N₁. In YDSE, slit separation d = 0.5 mm, screen distance D = 1 m, wavelength $\lambda$ = 600 nm. Find fringe width, position of the 3rd bright fringe, and position of the 2nd dark fringe.

Given: d = 0.5 mm = 5 x $10^{-4}$ m, D = 1 m, $\lambda$ = 600 nm = 6 x $10^{-7}$ m.

Fringe width: $\beta$ = $\lambda$ D/d = (6 x $10^{-7}$ m x 1 m) / (5 x $10^{-4}$ m) = 6 x $10^{-7}$ / 5 x $10^{-4}$ m = 1.2 x $10^{-3}$ m = 1.2 mm.

3rd bright fringe (n = 3): $y_{3}$ = n $\lambda$ D/d = 3 x $\beta$ = 3 x 1.2 mm = 3.6 mm from center.

2nd dark fringe (n = 2): $y_{2}$ = (2n - 1) $\lambda$ D/(2d) = (2 x 2 - 1) x $\frac{\beta}{2}$ = 3 x 0.6 mm = 1.8 mm. Alternatively: $y_{2}$ = (2 x 2 - 1) x 600 x $10^{-9}$ x 1 / (2 x 5 x $10^{-4}$) = 3 x 6 x $10^{-7}$ / ($10^{-3}$) = 1.8 x $10^{-3}$ m = 1.8 mm.

Note: The 2nd dark fringe lies between the 1st and 2nd bright fringes (at 1.5 $\beta$ from center). The nth dark fringe position = (n - 0.5) $\beta$.

N₂. Unpolarized light of intensity $I_{0}$ passes through three polaroids. The first and third are crossed (90 deg apart). The second is at 30 deg to the first. Find the intensity after each polaroid.

After Polaroid 1 (polarizer): Unpolarized light becomes plane-polarized. By definition, the transmitted intensity is $I_{1}$ = $\frac{I_{0}}{2}$ (half the unpolarized intensity is transmitted).
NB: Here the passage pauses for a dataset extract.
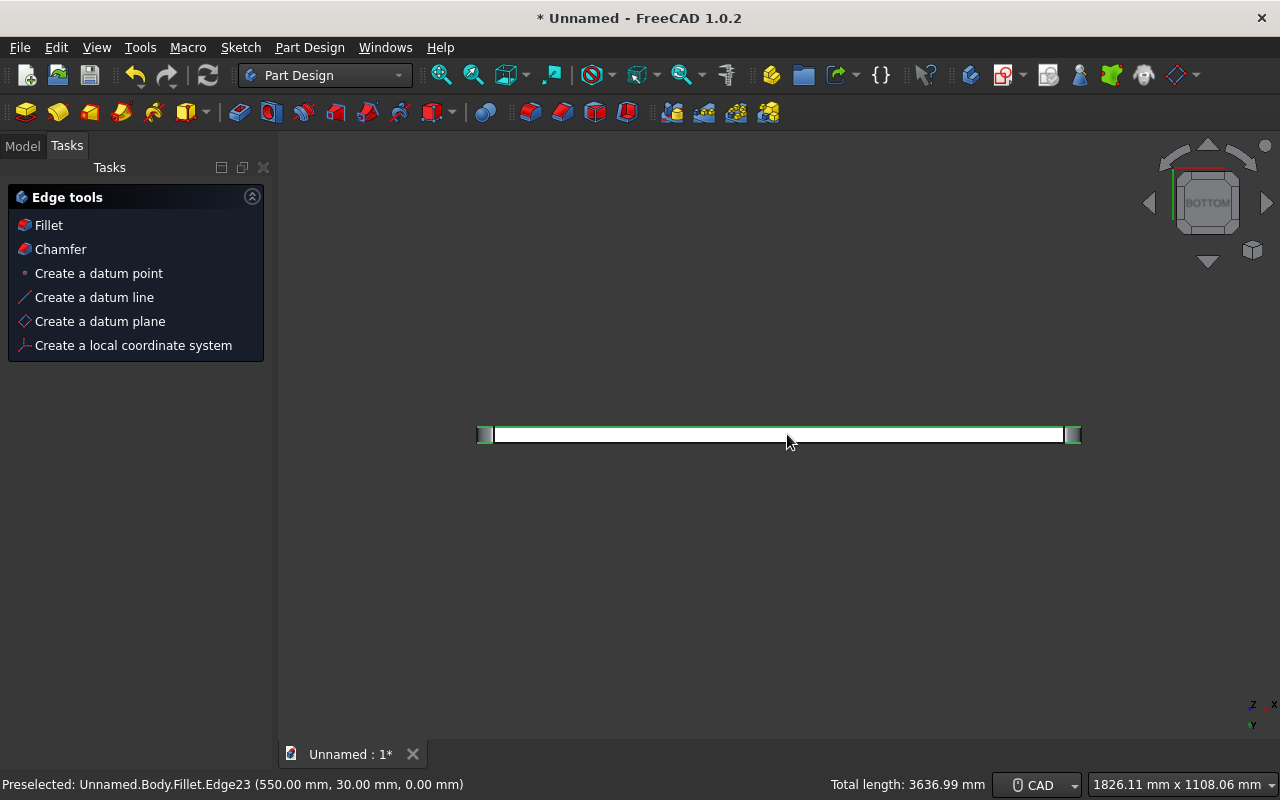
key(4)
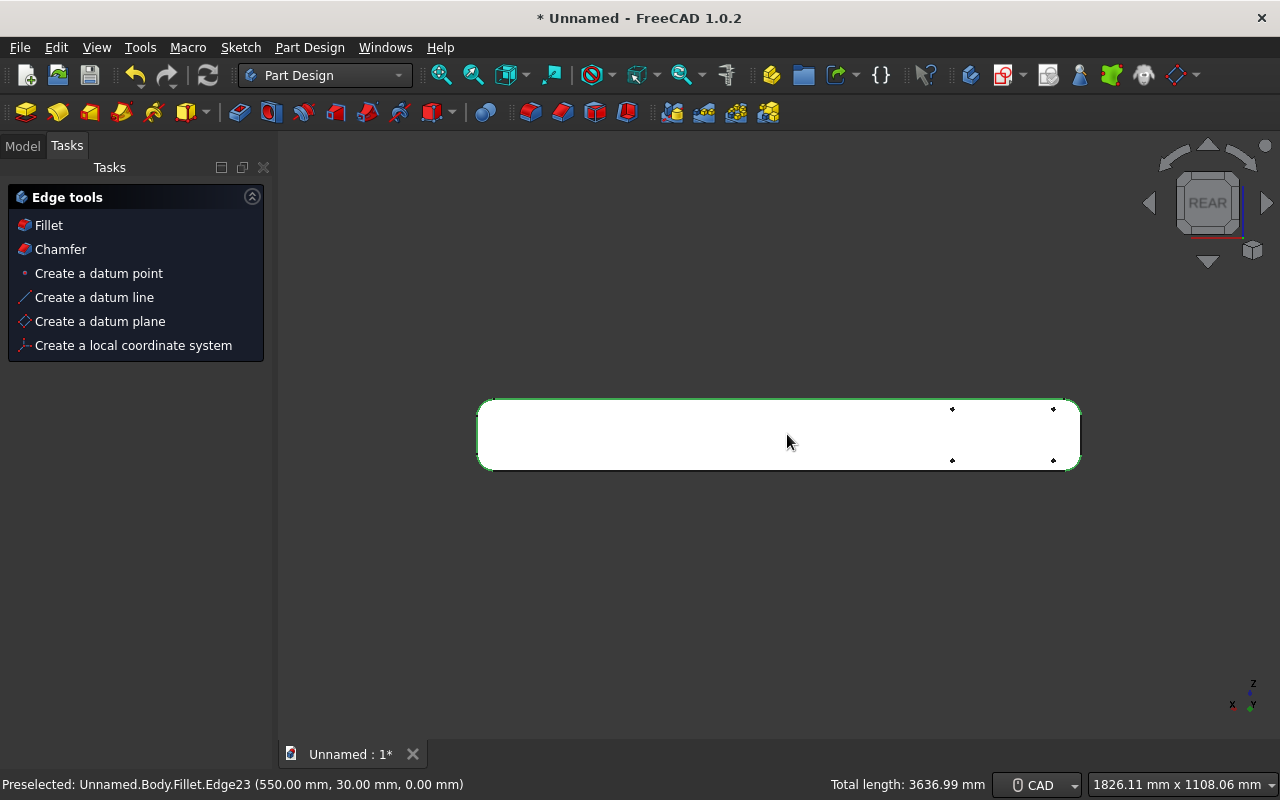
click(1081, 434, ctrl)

After Polaroid 2 (at 30 deg to Polaroid 1): Apply Malus's law with $\theta$ = 30 deg: $I_{2}$ = $I_{1} \; cos^{2}$(30 deg) = ($\frac{I_{0}}{2}$)($\frac{\sqrt{3}}{2}$)² = ($\frac{I_{0}}{2}$)($\frac{3}{4}$) = $\frac{3I_{0}}{8}$.

After Polaroid 3 (at 90 deg to Polaroid 1, so at 90 - 30 = 60 deg to Polaroid 2): Apply Malus's law with $\theta$ = 60 deg: $I_{3}$ = $I_{2} \; cos^{2}$(60 deg) = ($\frac{3I_{0}}{8}$)($\frac{1}{2}$)² = ($\frac{3I_{0}}{8}$)($\frac{1}{4}$) = $\frac{3I_{0}}{32}$.

Final intensity: I = $\frac{3I_{0}}{32}$.

If Polaroid 2 were at 45 deg instead: $I_{3}$ = ($\frac{I_{0}}{2}$)($cos^{2}$ 45)($cos^{2}$ 45) = ($\frac{I_{0}}{2}$)($\frac{1}{2}$)($\frac{1}{2}$) = $\frac{I_{0}}{8}$.

Key insight: Without the middle polaroid, no light passes through crossed polaroids. Inserting a polaroid between them at any angle other than 0 deg or 90 deg allows some light through.

N₃. Find Brewster's angle for a glass surface with refractive index n = 1.732. Verify that reflected and refracted rays are perpendicular.

Brewster's law: tan $\theta_{p}$ = n = 1.732. $\theta_{p}$ = arctan(1.732) = 60 deg.

Verification: At Brewster's angle, the refracted angle $\theta_{r}$ satisfies: By Snell's law: sin $\theta_{p}$ = n sin $\theta_{r}$ sin 60 deg = 1.732 x sin $\theta_{r}$ 0.866 = 1.732 x sin $\theta_{r}$ sin $\theta_{r}$ = 0.$\frac{866}{1}$.732 = 0.5 $\theta_{r}$ = 30 deg.

Check perpendicularity: $\theta_{p}$ + $\theta_{r}$ = 60 + 30 = 90 deg. Verified.

The reflected and refracted rays are perpendicular at the Brewster angle. The reflected light is completely plane-polarized with the electric field vector perpendicular to the plane of incidence.